The Hive has resurrected a bit of Durango’s past. Longtime supporters of Durango’s skateboard community may remember the Shred Shed, the skate shop that existed around the 1100 block of Main Avenue in the early ’00s, moonlighting as an indoor skate park and sometimes music venue. When the Shred Shed went away, the skate park and venue disappeared as well, leaving a void in the indoor skate and music community.

That void is now gone. The Hive, the local organization that produces various activities for Durango youths, including skateboarding and art, has finally finished the last step in setting up its space with the completion of the indoor skate park in the building that used to house the Shred Shed. The Hive will celebrate the skate park’s completion with an event Saturday, as it hosts “A Dastardly Dance Party,” a concert featuring numerous local/regional bands. Bands performing Saturday include: Delicate Flower, Getting Familiar, Immediate Family, Military Wife and Your Bones.

The bulk of Saturday’s bands are of the skate-rock and punk variety; Delicate Flower, however, would be classified into the indie-folk and singer-songwriter category. The vehicle for musician Ryn Beamer, Delicate Flower is sometimes a band when Beamer is backed by other musicians, or in the case for Saturday, sometimes a solo act.

“It was just a decision that I made recently, that everything that I’m coming out with I just want to have under the name ‘Delicate Flower,’” Beamer said. “Just to be consistent and not have to make a new band name every time I move to a new place and start playing with new people.”

If you go

WHAT: Halloween show at The Hive with Delicate Flower, Getting Familiar, Immediate Family, Military Wife and Your Bones.

WHEN: 4 p.m. Saturday.

WHERE: The Hive, 1150 Main Ave.

TICKETS: $5.

MORE INFORMATION: Visit www.thehivedgo.org.

Beamer’s been a songwriter ever since learning to play Deep Purple’s “Smoke on the Water” on bass. Reared on a healthy dose of classic songwriters and indie-rock, names like Bob Dylan or Joni Mitchell inspire his sadder stuff, LCD Sound System, Queens of the Stone Age or The Violent Femmes inspire the more upbeat tunes. The music of Delicate Flower exists somewhere between traditional folk and upbeat indie rock, the solo shows taking on a band feel as Beamer bangs out a rhythm on tambourine and cajon while playing guitar. Its DIY and lo-fi.

“I think DIY is a good phrase for it. It just came from when I was living in San Diego for a while, for some reason I didn’t meet people that I really wanted to play with, and I really wanted to play the songs that I had written,” Beamer said. “So I decided to do a solo thing, and I had the cajon, I had the tambourine, and so I said, ‘I’ll just do this.’”

Lyrically, Delicate Flower is open and honest, particular and poignant.
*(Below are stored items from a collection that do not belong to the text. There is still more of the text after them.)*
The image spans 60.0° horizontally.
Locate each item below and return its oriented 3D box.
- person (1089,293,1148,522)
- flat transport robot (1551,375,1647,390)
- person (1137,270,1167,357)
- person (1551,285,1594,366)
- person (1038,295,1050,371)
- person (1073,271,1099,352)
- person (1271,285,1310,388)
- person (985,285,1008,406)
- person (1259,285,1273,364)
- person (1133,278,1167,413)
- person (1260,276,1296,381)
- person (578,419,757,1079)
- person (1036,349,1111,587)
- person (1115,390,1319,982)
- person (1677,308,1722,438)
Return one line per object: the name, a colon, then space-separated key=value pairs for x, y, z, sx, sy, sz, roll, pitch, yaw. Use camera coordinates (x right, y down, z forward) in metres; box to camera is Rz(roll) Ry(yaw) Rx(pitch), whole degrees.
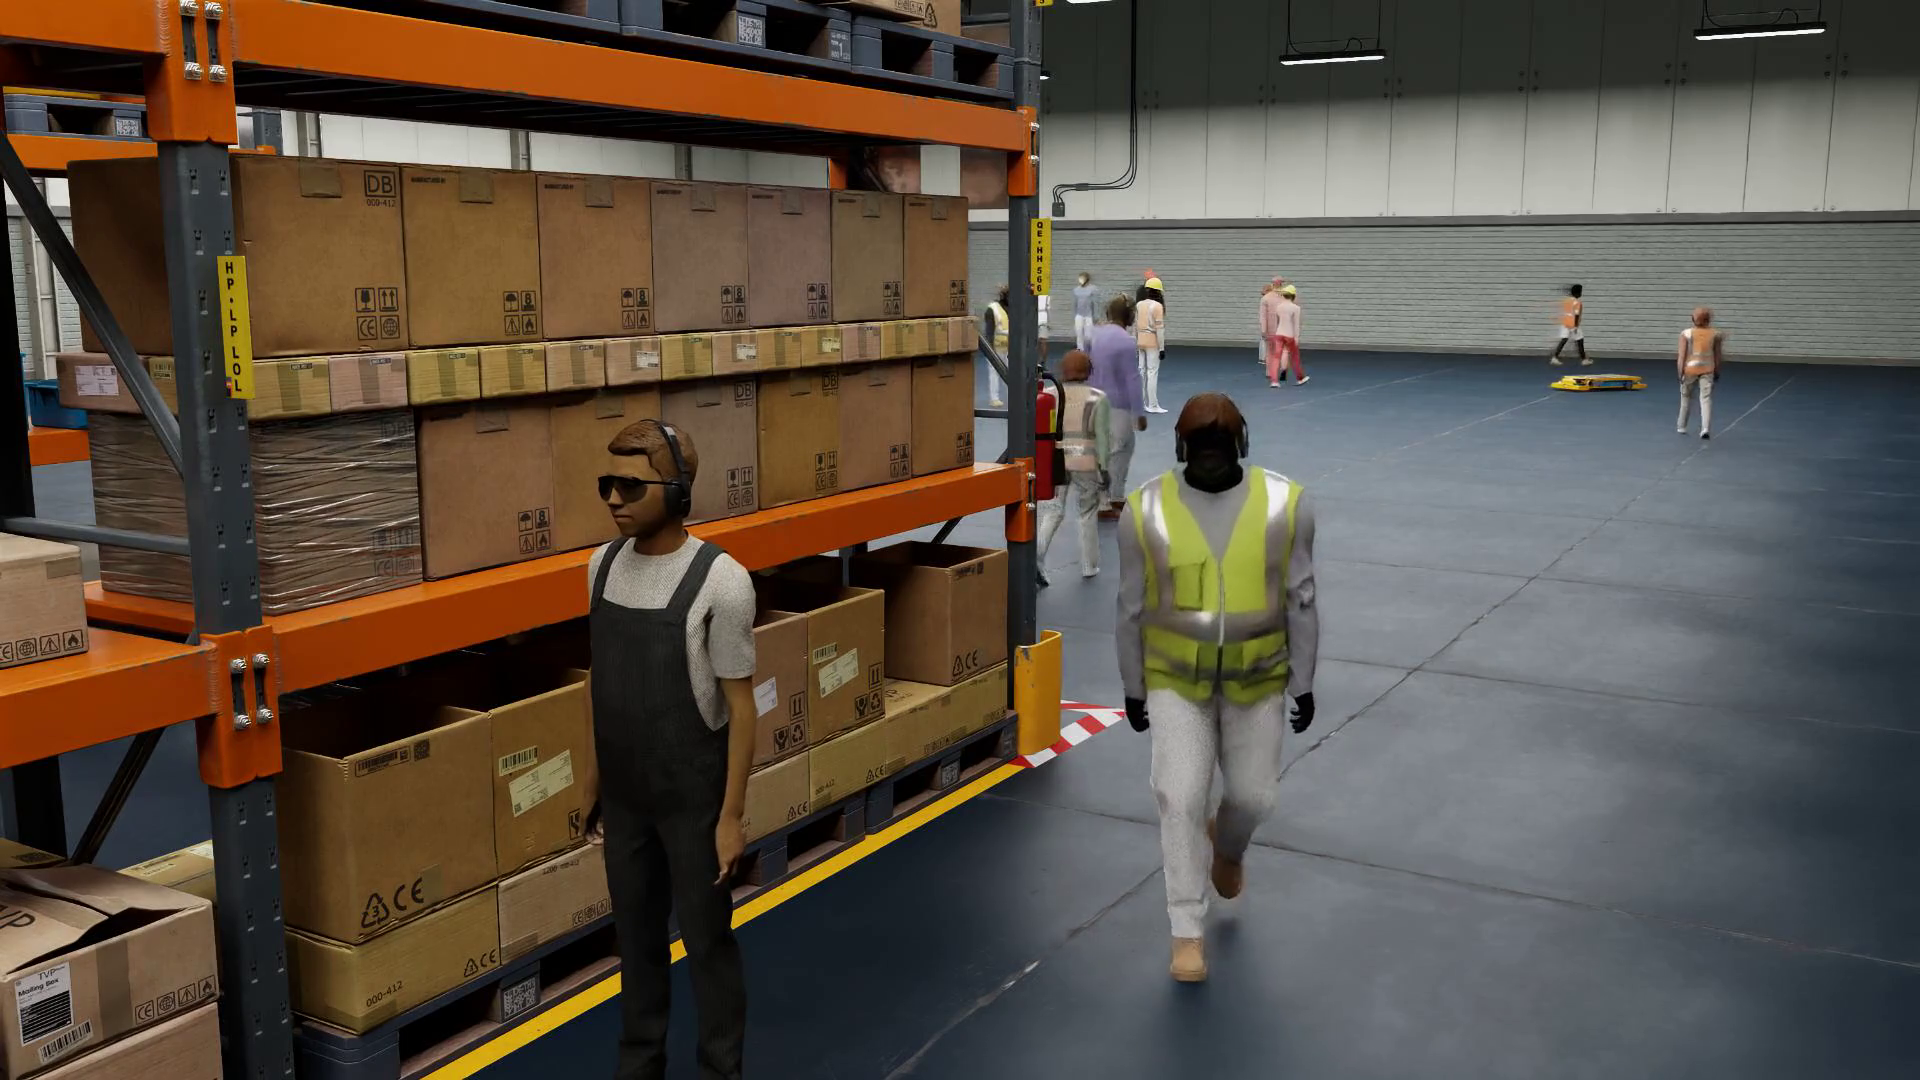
person: x=1.384 y=-1.104 z=13.961 sx=0.663 sy=1.913 sz=0.652 roll=-4 pitch=10 yaw=-20
flat transport robot: x=10.678 y=-2.639 z=27.762 sx=1.431 sy=0.197 sz=0.652 roll=-4 pitch=10 yaw=-20
person: x=4.118 y=-4.916 z=36.250 sx=0.609 sy=1.940 sz=1.072 roll=-5 pitch=11 yaw=-29
person: x=12.474 y=-4.366 z=33.842 sx=0.864 sy=1.650 sz=0.539 roll=-2 pitch=10 yaw=-11
person: x=1.466 y=-4.278 z=32.587 sx=0.569 sy=1.893 sz=0.965 roll=-4 pitch=11 yaw=-24
person: x=2.674 y=-4.698 z=34.991 sx=0.634 sy=1.921 sz=0.697 roll=6 pitch=12 yaw=33
person: x=5.622 y=-3.462 z=28.340 sx=0.548 sy=1.720 sz=0.919 roll=9 pitch=13 yaw=43
person: x=0.691 y=-2.827 z=24.411 sx=0.654 sy=1.790 sz=0.945 roll=-4 pitch=11 yaw=-25
person: x=6.380 y=-4.479 z=34.550 sx=0.264 sy=1.632 sz=0.508 roll=-1 pitch=10 yaw=-4
person: x=2.710 y=-2.757 z=23.646 sx=0.382 sy=1.917 sz=0.585 roll=-7 pitch=12 yaw=-34
person: x=5.729 y=-3.810 z=29.966 sx=0.643 sy=1.879 sz=0.934 roll=0 pitch=10 yaw=2
person: x=-0.722 y=0.626 z=4.046 sx=0.504 sy=1.847 sz=0.344 roll=6 pitch=11 yaw=30
person: x=0.740 y=-0.490 z=11.304 sx=0.555 sy=1.601 sz=0.777 roll=4 pitch=11 yaw=24
person: x=0.804 y=0.425 z=5.301 sx=0.635 sy=1.821 sz=0.679 roll=1 pitch=10 yaw=4
person: x=9.131 y=-2.065 z=20.534 sx=0.535 sy=1.597 sz=0.864 roll=2 pitch=10 yaw=11

Beamer keeps eyes and ears open to the world, a songwriter unafraid of self-deprecation and also unafraid to criticize the world via song. It’s all done tongue in cheek and set to a bouncing melody with catchy hooks, a way to try to improve the world and keep yourself in check.

“I’ve found it pretty cathartic to just kind of poke fun in an honest and real way at my own feelings,” Beamer said. “I also just like poking fun at society at large.”

The bands on Saturday’s bill are a perfect match for the venue, as The Hive remains a DIY space that wants to share art. Musicians like Beamer share that concept, eager to play on a stage built next to a skate ramp, not a bar.

“It feels like there is a lot of excitement and stoke around their vision,” Beamer said. “It’s all just really cool.”